In controlled experimental maize plots (2022–2023), analysis of Unmanned Aerial Vehicle (UAV) multispectral imagery characterized weed-suppression dynamics following application of two herbicides with different MOA. Satellite imagery was processed to select gray-level co-occurrence matrix (GLCM) texture features sensitive to herbicide-induced pixel differences. Features selected were used to compare two satellite-based approaches for mapping herbicide control failures cover (%) across seven commercial maize fields: (i) a rule-based framework and (ii) UAV to satellite upscaling using a Random Forest model.

Results

Results showed that by 10 days after spraying (DAS), herbicide effects were uniformly expressed in both MOA, enabling separation between damaged and healthy weeds in UAV images. At the satellite scale, Near-Infrared (NIR)-based GLCM variance and mean were the most sensitive indicators of weed suppression.
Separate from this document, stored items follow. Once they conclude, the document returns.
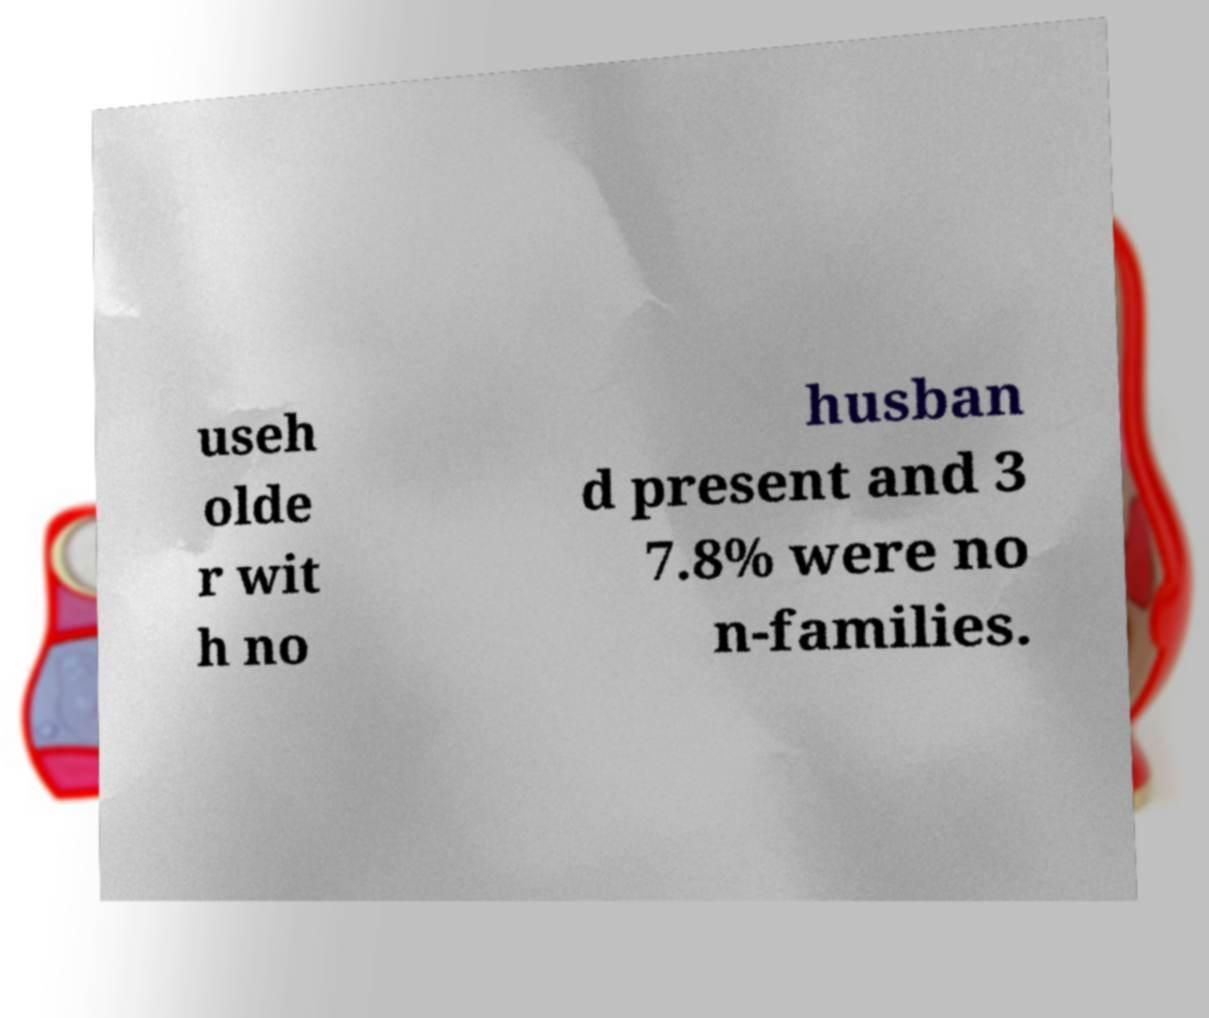For documentation purposes, I need the text within this image transcribed. Could you provide that? useh olde r wit h no husban d present and 3 7.8% were no n-families. 
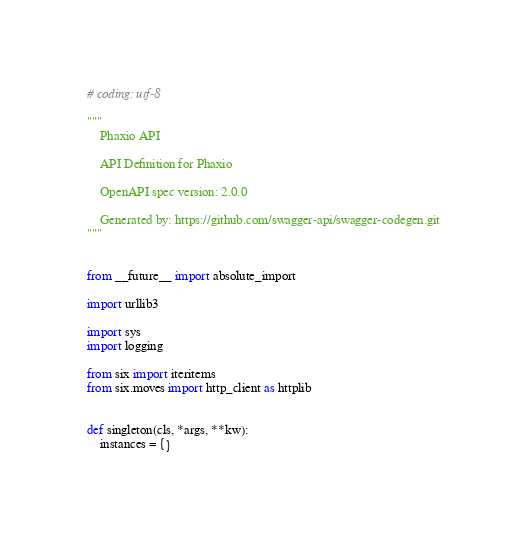<code> <loc_0><loc_0><loc_500><loc_500><_Python_># coding: utf-8

"""
    Phaxio API

    API Definition for Phaxio

    OpenAPI spec version: 2.0.0
    
    Generated by: https://github.com/swagger-api/swagger-codegen.git
"""


from __future__ import absolute_import

import urllib3

import sys
import logging

from six import iteritems
from six.moves import http_client as httplib


def singleton(cls, *args, **kw):
    instances = {}
</code> 
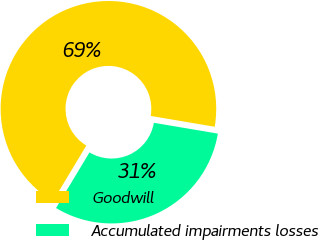Convert chart to OTSL. <chart><loc_0><loc_0><loc_500><loc_500><pie_chart><fcel>Goodwill<fcel>Accumulated impairments losses<nl><fcel>69.05%<fcel>30.95%<nl></chart> 
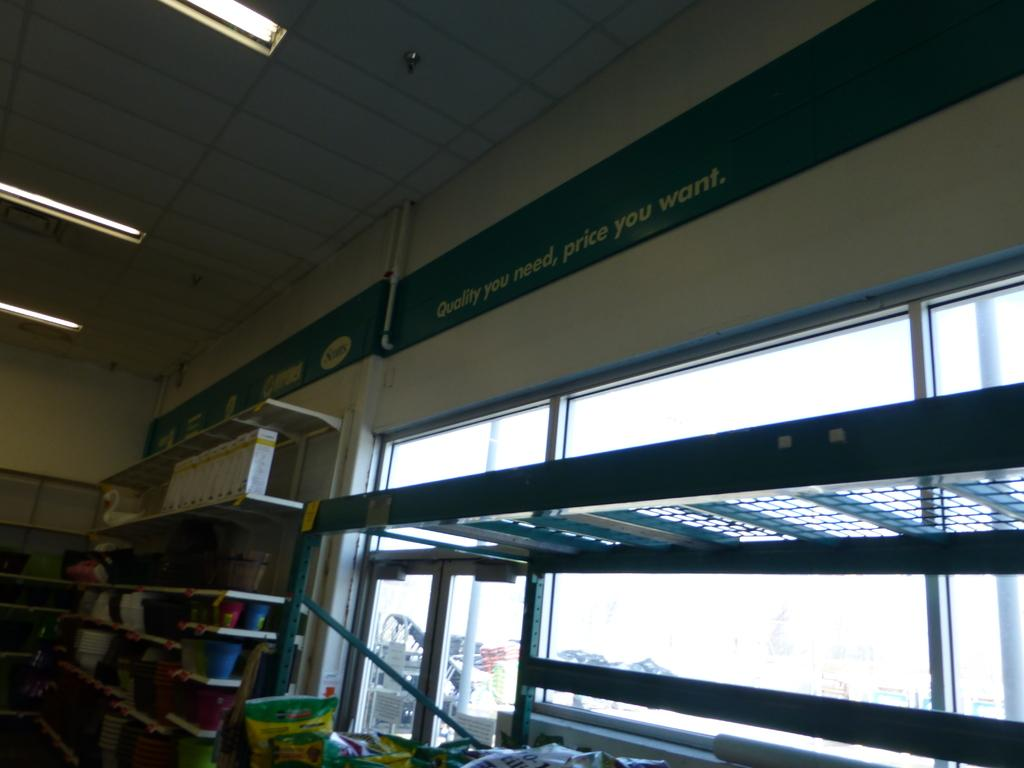<image>
Render a clear and concise summary of the photo. A sign is over the store shelves which states "quality you need, price you want but the shelves are almost bare. 
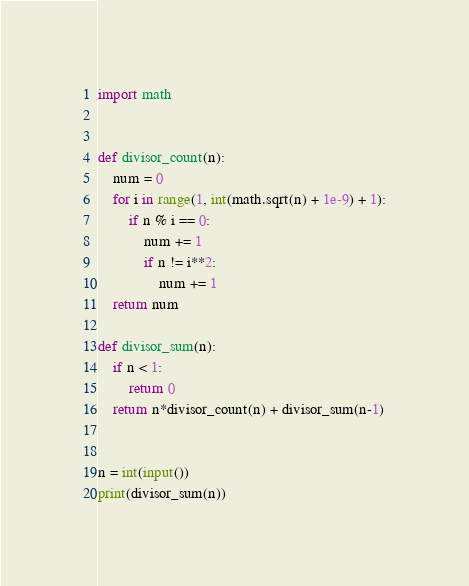Convert code to text. <code><loc_0><loc_0><loc_500><loc_500><_Python_>import math


def divisor_count(n):
    num = 0
    for i in range(1, int(math.sqrt(n) + 1e-9) + 1):
        if n % i == 0:
            num += 1
            if n != i**2:
                num += 1
    return num

def divisor_sum(n):
    if n < 1:
        return 0
    return n*divisor_count(n) + divisor_sum(n-1)


n = int(input())
print(divisor_sum(n))</code> 
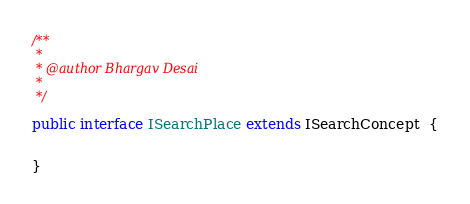<code> <loc_0><loc_0><loc_500><loc_500><_Java_>/**
 * 
 * @author Bhargav Desai
 *
 */

public interface ISearchPlace extends ISearchConcept  {

	
}
</code> 
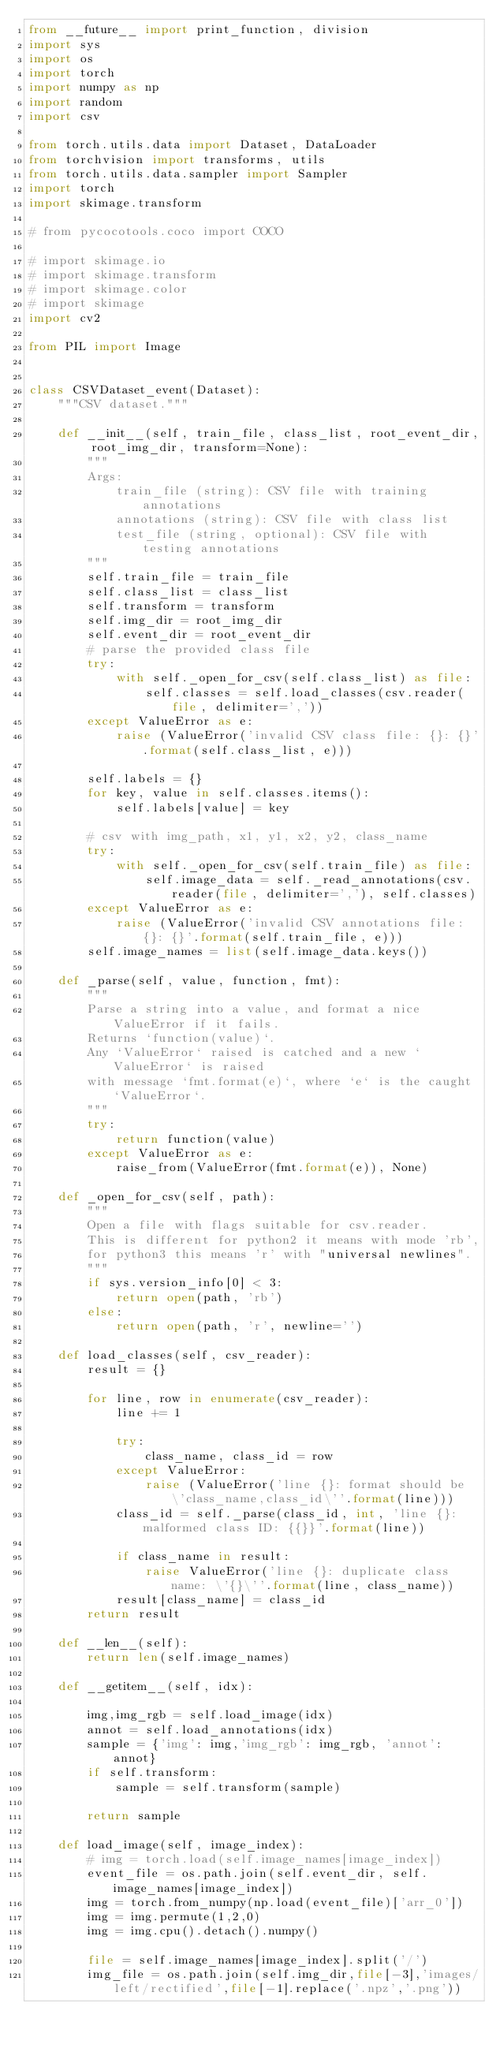<code> <loc_0><loc_0><loc_500><loc_500><_Python_>from __future__ import print_function, division
import sys
import os
import torch
import numpy as np
import random
import csv

from torch.utils.data import Dataset, DataLoader
from torchvision import transforms, utils
from torch.utils.data.sampler import Sampler
import torch
import skimage.transform

# from pycocotools.coco import COCO

# import skimage.io
# import skimage.transform
# import skimage.color
# import skimage
import cv2

from PIL import Image


class CSVDataset_event(Dataset):
    """CSV dataset."""

    def __init__(self, train_file, class_list, root_event_dir, root_img_dir, transform=None):
        """
        Args:
            train_file (string): CSV file with training annotations
            annotations (string): CSV file with class list
            test_file (string, optional): CSV file with testing annotations
        """
        self.train_file = train_file
        self.class_list = class_list
        self.transform = transform
        self.img_dir = root_img_dir
        self.event_dir = root_event_dir
        # parse the provided class file
        try:
            with self._open_for_csv(self.class_list) as file:
                self.classes = self.load_classes(csv.reader(file, delimiter=','))
        except ValueError as e:
            raise (ValueError('invalid CSV class file: {}: {}'.format(self.class_list, e)))

        self.labels = {}
        for key, value in self.classes.items():
            self.labels[value] = key

        # csv with img_path, x1, y1, x2, y2, class_name
        try:
            with self._open_for_csv(self.train_file) as file:
                self.image_data = self._read_annotations(csv.reader(file, delimiter=','), self.classes)
        except ValueError as e:
            raise (ValueError('invalid CSV annotations file: {}: {}'.format(self.train_file, e)))
        self.image_names = list(self.image_data.keys())

    def _parse(self, value, function, fmt):
        """
        Parse a string into a value, and format a nice ValueError if it fails.
        Returns `function(value)`.
        Any `ValueError` raised is catched and a new `ValueError` is raised
        with message `fmt.format(e)`, where `e` is the caught `ValueError`.
        """
        try:
            return function(value)
        except ValueError as e:
            raise_from(ValueError(fmt.format(e)), None)

    def _open_for_csv(self, path):
        """
        Open a file with flags suitable for csv.reader.
        This is different for python2 it means with mode 'rb',
        for python3 this means 'r' with "universal newlines".
        """
        if sys.version_info[0] < 3:
            return open(path, 'rb')
        else:
            return open(path, 'r', newline='')

    def load_classes(self, csv_reader):
        result = {}

        for line, row in enumerate(csv_reader):
            line += 1

            try:
                class_name, class_id = row
            except ValueError:
                raise (ValueError('line {}: format should be \'class_name,class_id\''.format(line)))
            class_id = self._parse(class_id, int, 'line {}: malformed class ID: {{}}'.format(line))

            if class_name in result:
                raise ValueError('line {}: duplicate class name: \'{}\''.format(line, class_name))
            result[class_name] = class_id
        return result

    def __len__(self):
        return len(self.image_names)

    def __getitem__(self, idx):

        img,img_rgb = self.load_image(idx)
        annot = self.load_annotations(idx)
        sample = {'img': img,'img_rgb': img_rgb, 'annot': annot}
        if self.transform:
            sample = self.transform(sample)

        return sample

    def load_image(self, image_index):
        # img = torch.load(self.image_names[image_index])
        event_file = os.path.join(self.event_dir, self.image_names[image_index])
        img = torch.from_numpy(np.load(event_file)['arr_0'])
        img = img.permute(1,2,0)
        img = img.cpu().detach().numpy()

        file = self.image_names[image_index].split('/')
        img_file = os.path.join(self.img_dir,file[-3],'images/left/rectified',file[-1].replace('.npz','.png'))</code> 
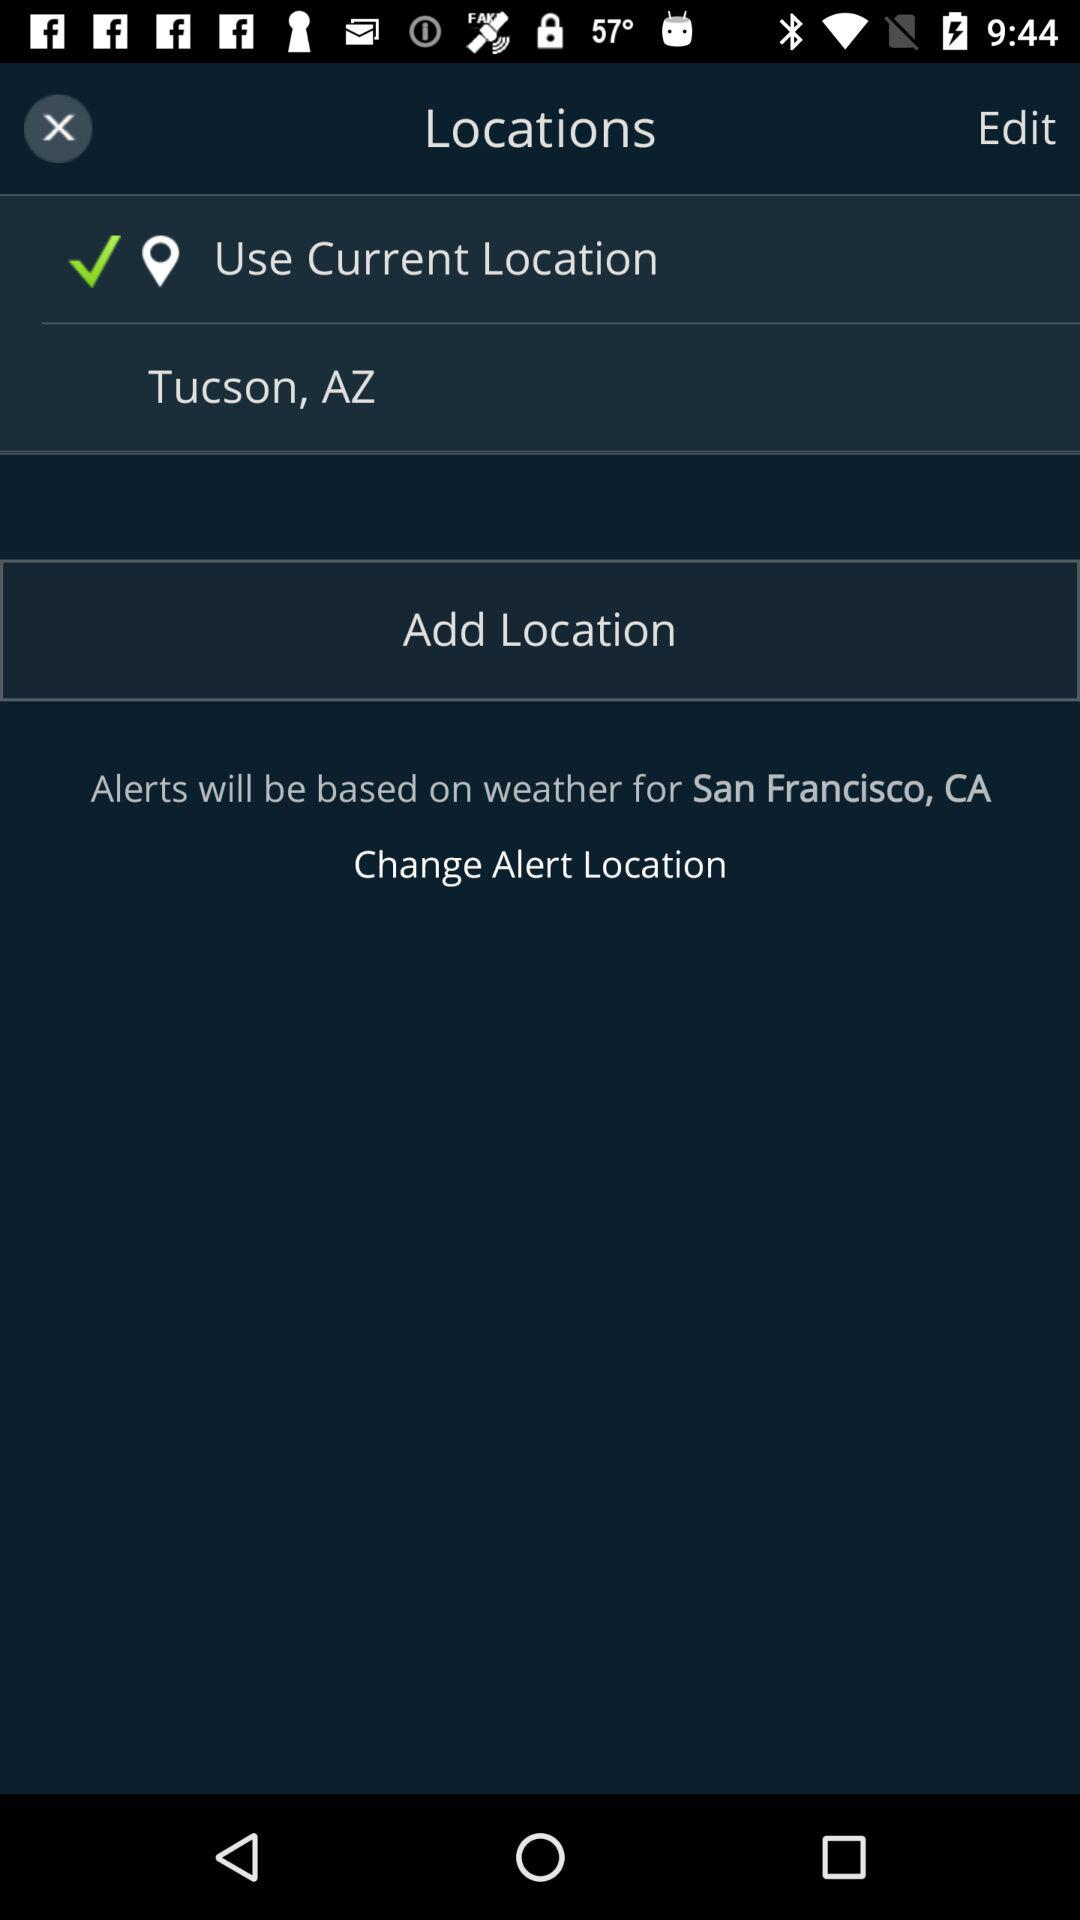What is the suggested location? The suggested location is Tucson, AZ.

Using these features and Normalized Difference Vegetation Index (NDVI) from 10 and 14 DAS, a rule-based framework showed better performance compared to UAV to satellite upscaling, achieving within field precision and recall of 0.71 both, and between fields agreement with a coefficient of determination (R2) of 0.97 and root mean square error (RMSE) of 1.86 (%).

Conclusions

These results demonstrate that rule-based GLCM framework provide an effective tool for evaluating herbicide control efficacy using PlanetScope satellite image.